**EXERCISE:**
Where a line holds the word "someone", copy that line from the data below.

**LISTED ENTRIES:**

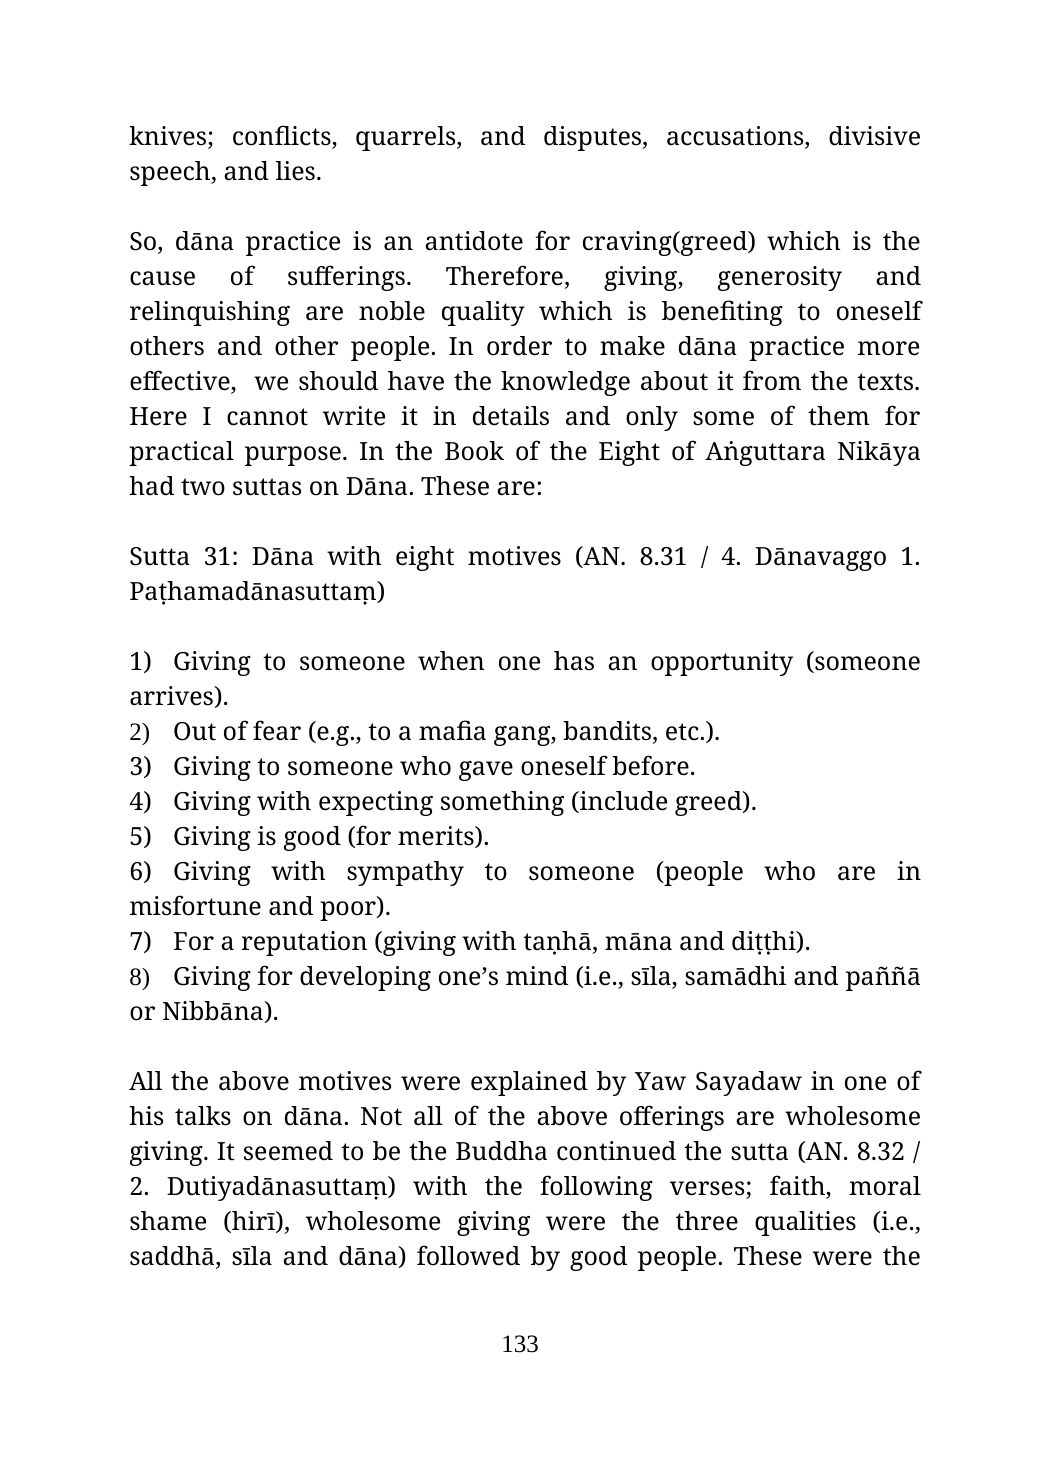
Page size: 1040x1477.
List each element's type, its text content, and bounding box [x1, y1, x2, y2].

list For a reputation (giving with taṇhā, māna and diṭṭhi). [129, 923, 922, 958]
text So, dāna practice is an antidote for craving(greed) which is the cause of sufferings. Therefore, giving, generosity and relinquishing are noble quality which is benefiting to oneself others and other people. In order to make dāna practice more effective, we should have the knowledge about it from the texts. Here I cannot write it in details and only some of them for practical purpose. In the Book of the Eight of Aṅguttara Nikāya had two suttas on Dāna. These are: [129, 223, 922, 503]
text Sutta 31: Dāna with eight motives (AN. 8.31 / 4. Dānavaggo 1. Paṭhamadānasuttaṃ) [129, 538, 922, 608]
list Giving with sympathy to someone (people who are in misfortune and poor). [129, 853, 922, 923]
list Giving is good (for merits). [129, 818, 922, 853]
list Giving to someone when one has an opportunity (someone arrives). [129, 643, 922, 713]
list Giving with expecting something (include greed). [129, 783, 922, 818]
list Out of fear (e.g., to a mafia gang, bandits, etc.). [129, 713, 922, 748]
text All the above motives were explained by Yaw Sayadaw in one of his talks on dāna. Not all of the above offerings are wholesome giving. It seemed to be the Buddha continued the sutta (AN. 8.32 / 2. Dutiyadānasuttaṃ) with the following verses; faith, moral shame (hirī), wholesome giving were the three qualities (i.e., saddhā, sīla and dāna) followed by good people. These were the [129, 1063, 922, 1273]
list Giving to someone who gave oneself before. [129, 748, 922, 783]
text knives; conflicts, quarrels, and disputes, accusations, divisive speech, and lies. [129, 118, 922, 188]
list Giving for developing one’s mind (i.e., sīla, samādhi and paññā or Nibbāna). [129, 958, 922, 1028]

**THE COMPLETED TASK:**
list Giving with sympathy to someone (people who are in misfortune and poor). [129, 853, 922, 923]
list Giving to someone when one has an opportunity (someone arrives). [129, 643, 922, 713]
list Giving to someone who gave oneself before. [129, 748, 922, 783]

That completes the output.